= Beginning of Section =
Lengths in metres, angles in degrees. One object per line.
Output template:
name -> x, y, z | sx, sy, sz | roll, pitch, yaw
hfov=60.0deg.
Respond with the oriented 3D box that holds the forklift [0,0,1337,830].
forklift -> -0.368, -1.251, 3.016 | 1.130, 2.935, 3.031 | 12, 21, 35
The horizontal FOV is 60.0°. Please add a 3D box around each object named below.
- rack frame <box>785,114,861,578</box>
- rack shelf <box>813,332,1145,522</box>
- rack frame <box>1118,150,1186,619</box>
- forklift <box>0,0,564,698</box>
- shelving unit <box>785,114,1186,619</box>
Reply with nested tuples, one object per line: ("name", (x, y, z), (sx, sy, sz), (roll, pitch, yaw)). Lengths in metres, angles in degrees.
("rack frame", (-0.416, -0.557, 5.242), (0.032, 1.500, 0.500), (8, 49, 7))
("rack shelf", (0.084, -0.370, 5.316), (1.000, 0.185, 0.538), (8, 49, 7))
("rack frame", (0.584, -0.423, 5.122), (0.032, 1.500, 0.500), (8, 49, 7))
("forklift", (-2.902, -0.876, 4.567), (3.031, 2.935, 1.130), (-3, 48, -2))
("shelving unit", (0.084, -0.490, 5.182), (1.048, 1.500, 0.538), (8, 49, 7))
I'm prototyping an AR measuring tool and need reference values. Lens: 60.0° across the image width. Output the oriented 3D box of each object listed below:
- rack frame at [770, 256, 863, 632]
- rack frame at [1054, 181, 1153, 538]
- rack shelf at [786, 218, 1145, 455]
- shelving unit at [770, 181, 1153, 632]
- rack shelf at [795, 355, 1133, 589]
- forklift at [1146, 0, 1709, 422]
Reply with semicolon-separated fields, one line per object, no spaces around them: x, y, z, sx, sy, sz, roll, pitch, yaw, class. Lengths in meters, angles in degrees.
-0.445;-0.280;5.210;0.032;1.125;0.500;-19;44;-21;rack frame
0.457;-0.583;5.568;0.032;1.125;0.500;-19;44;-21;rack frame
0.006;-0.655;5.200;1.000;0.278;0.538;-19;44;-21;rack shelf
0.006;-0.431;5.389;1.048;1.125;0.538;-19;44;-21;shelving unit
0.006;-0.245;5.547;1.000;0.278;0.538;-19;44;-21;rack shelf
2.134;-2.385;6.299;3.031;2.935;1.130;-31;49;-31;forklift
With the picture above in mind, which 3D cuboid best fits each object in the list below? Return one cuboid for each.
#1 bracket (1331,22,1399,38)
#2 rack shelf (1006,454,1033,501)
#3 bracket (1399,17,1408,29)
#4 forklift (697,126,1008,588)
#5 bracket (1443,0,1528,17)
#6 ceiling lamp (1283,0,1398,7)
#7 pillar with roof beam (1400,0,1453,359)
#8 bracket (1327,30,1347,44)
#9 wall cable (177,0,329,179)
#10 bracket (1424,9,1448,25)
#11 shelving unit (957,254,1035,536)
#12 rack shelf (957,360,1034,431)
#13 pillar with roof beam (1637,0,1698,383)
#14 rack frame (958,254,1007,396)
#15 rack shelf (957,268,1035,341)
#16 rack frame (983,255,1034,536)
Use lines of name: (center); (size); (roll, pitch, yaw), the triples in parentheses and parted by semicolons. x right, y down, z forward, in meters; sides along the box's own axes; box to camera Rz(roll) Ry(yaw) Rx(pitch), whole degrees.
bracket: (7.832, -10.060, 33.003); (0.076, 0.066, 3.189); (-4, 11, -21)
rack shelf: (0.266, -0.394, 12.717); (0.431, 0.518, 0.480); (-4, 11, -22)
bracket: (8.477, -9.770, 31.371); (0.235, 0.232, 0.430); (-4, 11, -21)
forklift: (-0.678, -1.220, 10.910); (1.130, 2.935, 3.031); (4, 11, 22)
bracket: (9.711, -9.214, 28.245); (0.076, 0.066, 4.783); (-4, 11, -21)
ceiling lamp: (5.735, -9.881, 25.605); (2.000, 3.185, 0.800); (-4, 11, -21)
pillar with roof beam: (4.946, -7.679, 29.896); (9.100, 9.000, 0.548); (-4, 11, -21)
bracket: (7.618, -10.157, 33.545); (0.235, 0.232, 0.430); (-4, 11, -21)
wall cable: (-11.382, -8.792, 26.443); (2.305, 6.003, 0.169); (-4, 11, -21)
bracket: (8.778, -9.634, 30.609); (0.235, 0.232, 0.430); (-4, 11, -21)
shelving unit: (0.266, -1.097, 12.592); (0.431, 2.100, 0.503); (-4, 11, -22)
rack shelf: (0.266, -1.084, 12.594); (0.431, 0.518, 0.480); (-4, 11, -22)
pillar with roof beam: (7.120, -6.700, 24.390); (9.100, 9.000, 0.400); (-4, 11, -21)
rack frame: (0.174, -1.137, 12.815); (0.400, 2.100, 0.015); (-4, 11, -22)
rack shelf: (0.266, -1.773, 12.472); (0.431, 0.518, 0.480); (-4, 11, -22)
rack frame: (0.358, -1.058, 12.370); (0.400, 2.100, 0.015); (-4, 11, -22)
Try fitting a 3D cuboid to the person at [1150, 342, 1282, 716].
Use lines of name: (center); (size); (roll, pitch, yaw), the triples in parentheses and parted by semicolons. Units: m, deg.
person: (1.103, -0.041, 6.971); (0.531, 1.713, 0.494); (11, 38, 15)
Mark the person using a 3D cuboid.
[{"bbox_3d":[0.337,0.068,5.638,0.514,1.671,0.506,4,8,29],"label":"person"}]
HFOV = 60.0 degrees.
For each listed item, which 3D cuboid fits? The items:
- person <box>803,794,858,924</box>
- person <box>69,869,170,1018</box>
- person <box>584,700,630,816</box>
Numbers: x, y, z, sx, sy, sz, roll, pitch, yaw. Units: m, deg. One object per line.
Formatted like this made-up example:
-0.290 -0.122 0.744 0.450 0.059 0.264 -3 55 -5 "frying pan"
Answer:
= End of Section =
What you will do> Nothing above should be left out; write out every record exactly.

Written answer>
Lengths in metres, angles in degrees. One object per line.
Output template:
name -> x, y, z | sx, sy, sz | roll, pitch, yaw
hfov=60.0deg.
Respond with the oriented 3D box that holds the forklift [0,0,1337,830].
forklift -> -0.368, -1.251, 3.016 | 1.130, 2.935, 3.031 | 12, 21, 35
The horizontal FOV is 60.0°. Please add a 3D box around each object named below.
- rack frame <box>785,114,861,578</box>
- rack shelf <box>813,332,1145,522</box>
- rack frame <box>1118,150,1186,619</box>
- forklift <box>0,0,564,698</box>
- shelving unit <box>785,114,1186,619</box>
Reply with nested tuples, one object per line: ("name", (x, y, z), (sx, sy, sz), (roll, pitch, yaw)). Lengths in metres, angles in degrees.
("rack frame", (-0.416, -0.557, 5.242), (0.032, 1.500, 0.500), (8, 49, 7))
("rack shelf", (0.084, -0.370, 5.316), (1.000, 0.185, 0.538), (8, 49, 7))
("rack frame", (0.584, -0.423, 5.122), (0.032, 1.500, 0.500), (8, 49, 7))
("forklift", (-2.902, -0.876, 4.567), (3.031, 2.935, 1.130), (-3, 48, -2))
("shelving unit", (0.084, -0.490, 5.182), (1.048, 1.500, 0.538), (8, 49, 7))
I'm prototyping an AR measuring tool and need reference values. Lens: 60.0° across the image width. Output the oriented 3D box of each object listed below:
- rack frame at [770, 256, 863, 632]
- rack frame at [1054, 181, 1153, 538]
- rack shelf at [786, 218, 1145, 455]
- shelving unit at [770, 181, 1153, 632]
- rack shelf at [795, 355, 1133, 589]
- forklift at [1146, 0, 1709, 422]
Reply with semicolon-separated fields, one line per object, no spaces around them: x, y, z, sx, sy, sz, roll, pitch, yaw, class. Lengths in meters, angles in degrees.
-0.445;-0.280;5.210;0.032;1.125;0.500;-19;44;-21;rack frame
0.457;-0.583;5.568;0.032;1.125;0.500;-19;44;-21;rack frame
0.006;-0.655;5.200;1.000;0.278;0.538;-19;44;-21;rack shelf
0.006;-0.431;5.389;1.048;1.125;0.538;-19;44;-21;shelving unit
0.006;-0.245;5.547;1.000;0.278;0.538;-19;44;-21;rack shelf
2.134;-2.385;6.299;3.031;2.935;1.130;-31;49;-31;forklift
With the picture above in mind, which 3D cuboid best fits each object in the list below? Return one cuboid for each.
#1 bracket (1331,22,1399,38)
#2 rack shelf (1006,454,1033,501)
#3 bracket (1399,17,1408,29)
#4 forklift (697,126,1008,588)
#5 bracket (1443,0,1528,17)
#6 ceiling lamp (1283,0,1398,7)
#7 pillar with roof beam (1400,0,1453,359)
#8 bracket (1327,30,1347,44)
#9 wall cable (177,0,329,179)
#10 bracket (1424,9,1448,25)
#11 shelving unit (957,254,1035,536)
#12 rack shelf (957,360,1034,431)
#13 pillar with roof beam (1637,0,1698,383)
#14 rack frame (958,254,1007,396)
#15 rack shelf (957,268,1035,341)
#16 rack frame (983,255,1034,536)
Use lines of name: (center); (size); (roll, pitch, yaw), the triples in parentheses and parted by semicolons. x right, y down, z forward, in meters; sides along the box's own axes; box to camera Rz(roll) Ry(yaw) Rx(pitch), whole degrees.
bracket: (7.832, -10.060, 33.003); (0.076, 0.066, 3.189); (-4, 11, -21)
rack shelf: (0.266, -0.394, 12.717); (0.431, 0.518, 0.480); (-4, 11, -22)
bracket: (8.477, -9.770, 31.371); (0.235, 0.232, 0.430); (-4, 11, -21)
forklift: (-0.678, -1.220, 10.910); (1.130, 2.935, 3.031); (4, 11, 22)
bracket: (9.711, -9.214, 28.245); (0.076, 0.066, 4.783); (-4, 11, -21)
ceiling lamp: (5.735, -9.881, 25.605); (2.000, 3.185, 0.800); (-4, 11, -21)
pillar with roof beam: (4.946, -7.679, 29.896); (9.100, 9.000, 0.548); (-4, 11, -21)
bracket: (7.618, -10.157, 33.545); (0.235, 0.232, 0.430); (-4, 11, -21)
wall cable: (-11.382, -8.792, 26.443); (2.305, 6.003, 0.169); (-4, 11, -21)
bracket: (8.778, -9.634, 30.609); (0.235, 0.232, 0.430); (-4, 11, -21)
shelving unit: (0.266, -1.097, 12.592); (0.431, 2.100, 0.503); (-4, 11, -22)
rack shelf: (0.266, -1.084, 12.594); (0.431, 0.518, 0.480); (-4, 11, -22)
pillar with roof beam: (7.120, -6.700, 24.390); (9.100, 9.000, 0.400); (-4, 11, -21)
rack frame: (0.174, -1.137, 12.815); (0.400, 2.100, 0.015); (-4, 11, -22)
rack shelf: (0.266, -1.773, 12.472); (0.431, 0.518, 0.480); (-4, 11, -22)
rack frame: (0.358, -1.058, 12.370); (0.400, 2.100, 0.015); (-4, 11, -22)
Try fitting a 3D cuboid to the person at [1150, 342, 1282, 716].
Use lines of name: (center); (size); (roll, pitch, yaw), the triples in parentheses and parted by semicolons. Units: m, deg.
person: (1.103, -0.041, 6.971); (0.531, 1.713, 0.494); (11, 38, 15)
Mark the person using a 3D cuboid.
[{"bbox_3d":[0.337,0.068,5.638,0.514,1.671,0.506,4,8,29],"label":"person"}]
HFOV = 60.0 degrees.
For each listed item, which 3D cuboid fits? The items:
- person <box>803,794,858,924</box>
- person <box>69,869,170,1018</box>
- person <box>584,700,630,816</box>
Numbers: x, y, z, sx, sy, sz, roll, pitch, yaw. Units: m, deg. One object per line.
Formatted like this made-up example:
-0.290 -0.122 0.744 0.450 0.059 0.264 -3 55 -5 "frying pan"
Answer:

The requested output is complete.